You're dodging my question. 
-moss


----------



## moss (Mar 2, 2009)

M.D. Vaden said:


> Hyperion has been thoroughly advertised. Sillett invited NAT GEO, who recorded his team, and the video is posted on the Nat Geo site.
> 
> Preston the author, advertises Hyperion on his website.
> 
> ...



Ok, are you saying that it is a bad thing that all of the people above have published material in one form or the other about Hyperion?

And no that doesn't answer the question: Why do you want us to know that you know the location of Hyperion?
-moss


----------



## moss (Mar 2, 2009)

Come on, be honest now Mario!
-moss


----------



## moss (Mar 2, 2009)

Oops, I just realized we're probably boring to tears the fine professional tree workers and arborists of this site in a discussion that has nothing to do with Commercial Tree Care and Climbing. Mario, as always, I invite you to contact me directly to discuss. I'm genuinely curious to understand the motivations for your negative comments bout Coast Redwood researchers and the author Richard Preston.

Ok I'll leave it to the good folks of this forum to carry on.
-moss


----------



## M.D. Vaden (Mar 2, 2009)

moss said:


> Advertising the location of this tree will create demand to climb, which is exactly why they want the location secret.
> 
> -moss




After reading The Wild Trees, I found quite a few reviews online which mentioned enjoyment for the book, but expressed the desire for color photographs of the trees. Especially with today's technology. And I'm one who also likes color photos. And of course enjoy finding and seeing large trees. The way for people to see champion trees in color online, requires making them available online in color.




moss said:


> I'm genuinely curious to understand the motivations for your negative comments bout Coast Redwood researchers and the author Richard Preston.
> 
> -moss



Your comment is what sounds negative.

I suspect Sillett has read my essay which includes research climbers, since it was made available to his attention this winter when I mentioned it.
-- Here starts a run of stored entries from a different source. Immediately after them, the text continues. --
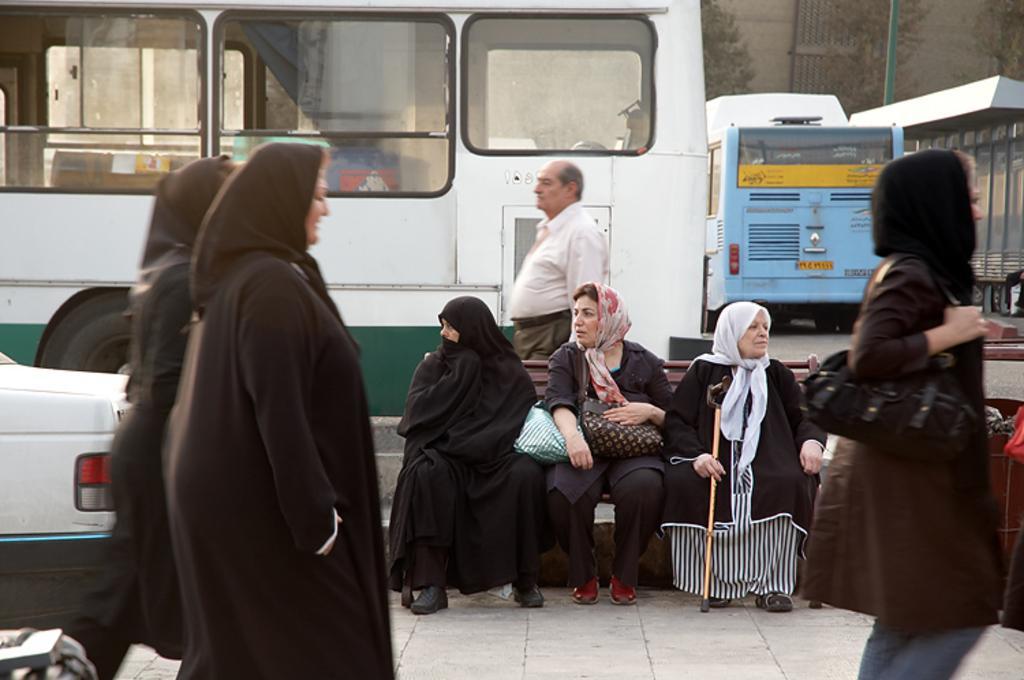In one or two sentences, can you explain what this image depicts? In this image we can see some people and among them few people sitting on the bench and there are some vehicles. We can see some trees and there is a building in the background. 
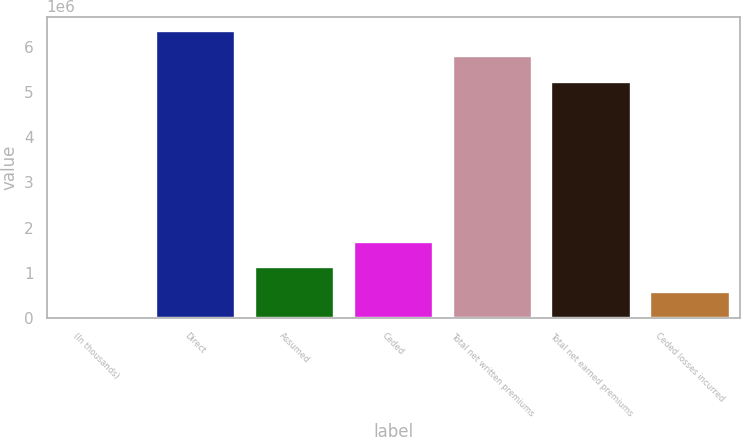Convert chart to OTSL. <chart><loc_0><loc_0><loc_500><loc_500><bar_chart><fcel>(In thousands)<fcel>Direct<fcel>Assumed<fcel>Ceded<fcel>Total net written premiums<fcel>Total net earned premiums<fcel>Ceded losses incurred<nl><fcel>2013<fcel>6.35137e+06<fcel>1.12684e+06<fcel>1.68926e+06<fcel>5.78895e+06<fcel>5.22654e+06<fcel>564429<nl></chart> 
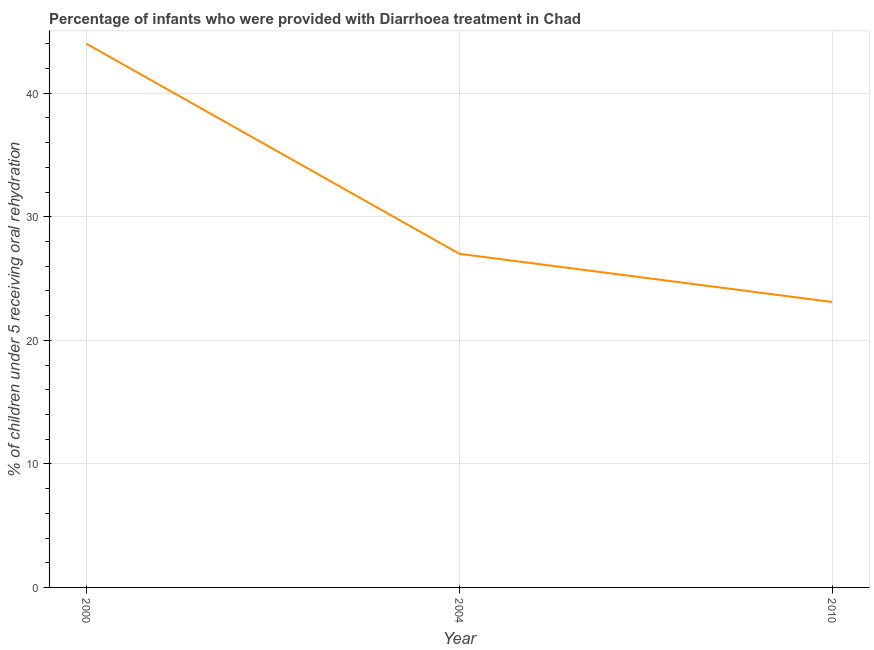What is the percentage of children who were provided with treatment diarrhoea in 2010?
Keep it short and to the point. 23.1. Across all years, what is the minimum percentage of children who were provided with treatment diarrhoea?
Ensure brevity in your answer.  23.1. In which year was the percentage of children who were provided with treatment diarrhoea maximum?
Your answer should be compact. 2000. What is the sum of the percentage of children who were provided with treatment diarrhoea?
Give a very brief answer. 94.1. What is the difference between the percentage of children who were provided with treatment diarrhoea in 2000 and 2010?
Your answer should be compact. 20.9. What is the average percentage of children who were provided with treatment diarrhoea per year?
Offer a very short reply. 31.37. What is the median percentage of children who were provided with treatment diarrhoea?
Make the answer very short. 27. What is the ratio of the percentage of children who were provided with treatment diarrhoea in 2000 to that in 2010?
Make the answer very short. 1.9. Is the percentage of children who were provided with treatment diarrhoea in 2000 less than that in 2004?
Your response must be concise. No. What is the difference between the highest and the second highest percentage of children who were provided with treatment diarrhoea?
Make the answer very short. 17. What is the difference between the highest and the lowest percentage of children who were provided with treatment diarrhoea?
Offer a very short reply. 20.9. In how many years, is the percentage of children who were provided with treatment diarrhoea greater than the average percentage of children who were provided with treatment diarrhoea taken over all years?
Your answer should be compact. 1. Does the percentage of children who were provided with treatment diarrhoea monotonically increase over the years?
Give a very brief answer. No. What is the difference between two consecutive major ticks on the Y-axis?
Ensure brevity in your answer.  10. What is the title of the graph?
Make the answer very short. Percentage of infants who were provided with Diarrhoea treatment in Chad. What is the label or title of the X-axis?
Your answer should be compact. Year. What is the label or title of the Y-axis?
Ensure brevity in your answer.  % of children under 5 receiving oral rehydration. What is the % of children under 5 receiving oral rehydration in 2004?
Offer a very short reply. 27. What is the % of children under 5 receiving oral rehydration of 2010?
Provide a short and direct response. 23.1. What is the difference between the % of children under 5 receiving oral rehydration in 2000 and 2010?
Offer a very short reply. 20.9. What is the difference between the % of children under 5 receiving oral rehydration in 2004 and 2010?
Offer a terse response. 3.9. What is the ratio of the % of children under 5 receiving oral rehydration in 2000 to that in 2004?
Provide a succinct answer. 1.63. What is the ratio of the % of children under 5 receiving oral rehydration in 2000 to that in 2010?
Offer a very short reply. 1.91. What is the ratio of the % of children under 5 receiving oral rehydration in 2004 to that in 2010?
Provide a succinct answer. 1.17.

He sounded a lot more positive and productive in his reply than you have been. I think he looks for the positive aspects. Even in potential disagreement, conversation or emails progress to better levels of intereraction and sharing of ideas each time we bounce ideas. Likewise, feedback from Michael Taylor has been positive. He even supplied some updated data.

The most frequent consistent source of negative commentary has pretty much come from you alone.


----------